The problem:
Of all the lines in the entries below, give again exactly those starting at the line containing "- rack frame <box>732,220,842,593</box>" and ending at the line containing "- shelving unit <box>732,164,855,593</box>", both ends included, and no others.

◇ ◇ ◇ ◇ ◇ ◇ ◇

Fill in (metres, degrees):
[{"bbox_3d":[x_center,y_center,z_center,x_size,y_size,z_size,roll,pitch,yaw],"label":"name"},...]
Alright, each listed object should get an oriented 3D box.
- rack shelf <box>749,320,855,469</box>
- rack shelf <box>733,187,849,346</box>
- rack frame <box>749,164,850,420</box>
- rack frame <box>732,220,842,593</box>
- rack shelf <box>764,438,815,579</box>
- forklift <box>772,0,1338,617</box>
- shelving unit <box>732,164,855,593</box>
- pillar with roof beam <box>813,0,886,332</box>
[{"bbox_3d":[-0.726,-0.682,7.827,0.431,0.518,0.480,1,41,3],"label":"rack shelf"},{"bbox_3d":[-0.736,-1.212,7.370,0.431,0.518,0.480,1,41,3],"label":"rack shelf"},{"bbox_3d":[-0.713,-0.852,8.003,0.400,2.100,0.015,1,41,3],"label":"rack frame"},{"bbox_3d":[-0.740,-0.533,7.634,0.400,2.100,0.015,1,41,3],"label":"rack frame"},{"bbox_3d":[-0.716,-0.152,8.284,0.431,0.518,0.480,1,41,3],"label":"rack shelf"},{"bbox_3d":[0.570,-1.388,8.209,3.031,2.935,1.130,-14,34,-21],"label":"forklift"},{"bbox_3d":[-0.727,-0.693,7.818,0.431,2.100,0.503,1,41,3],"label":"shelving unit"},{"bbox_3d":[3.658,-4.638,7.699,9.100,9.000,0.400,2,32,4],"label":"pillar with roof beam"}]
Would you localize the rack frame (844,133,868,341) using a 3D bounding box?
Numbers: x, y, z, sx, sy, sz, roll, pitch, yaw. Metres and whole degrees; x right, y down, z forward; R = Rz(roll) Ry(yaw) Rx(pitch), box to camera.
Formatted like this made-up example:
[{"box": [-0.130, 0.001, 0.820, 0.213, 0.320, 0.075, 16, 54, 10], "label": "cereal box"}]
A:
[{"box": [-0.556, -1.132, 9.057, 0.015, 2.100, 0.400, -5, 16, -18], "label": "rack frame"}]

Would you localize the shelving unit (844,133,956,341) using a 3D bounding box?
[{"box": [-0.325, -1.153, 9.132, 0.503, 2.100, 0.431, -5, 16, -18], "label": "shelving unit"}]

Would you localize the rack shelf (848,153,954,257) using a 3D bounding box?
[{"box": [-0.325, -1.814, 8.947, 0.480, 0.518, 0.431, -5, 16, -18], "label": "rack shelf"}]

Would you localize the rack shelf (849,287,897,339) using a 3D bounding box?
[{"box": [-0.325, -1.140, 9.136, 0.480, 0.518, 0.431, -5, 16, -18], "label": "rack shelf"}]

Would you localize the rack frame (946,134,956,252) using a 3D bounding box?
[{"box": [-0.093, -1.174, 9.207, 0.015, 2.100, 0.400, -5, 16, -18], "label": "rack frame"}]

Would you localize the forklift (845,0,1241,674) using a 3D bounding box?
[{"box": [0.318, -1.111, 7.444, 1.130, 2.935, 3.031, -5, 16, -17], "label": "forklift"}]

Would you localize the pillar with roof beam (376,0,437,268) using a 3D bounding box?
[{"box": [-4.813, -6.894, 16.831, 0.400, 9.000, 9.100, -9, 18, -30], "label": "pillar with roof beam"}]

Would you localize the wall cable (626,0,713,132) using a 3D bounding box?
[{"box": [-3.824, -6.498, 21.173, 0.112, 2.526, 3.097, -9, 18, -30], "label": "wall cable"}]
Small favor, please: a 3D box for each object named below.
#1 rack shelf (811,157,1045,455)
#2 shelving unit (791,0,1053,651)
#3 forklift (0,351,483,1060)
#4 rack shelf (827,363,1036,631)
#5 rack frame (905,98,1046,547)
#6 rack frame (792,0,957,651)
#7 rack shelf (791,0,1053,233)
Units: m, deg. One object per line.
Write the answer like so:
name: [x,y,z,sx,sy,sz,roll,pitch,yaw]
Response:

◇ ◇ ◇ ◇ ◇ ◇ ◇

Result for this task:
- rack frame <box>732,220,842,593</box>
- rack shelf <box>764,438,815,579</box>
- forklift <box>772,0,1338,617</box>
- shelving unit <box>732,164,855,593</box>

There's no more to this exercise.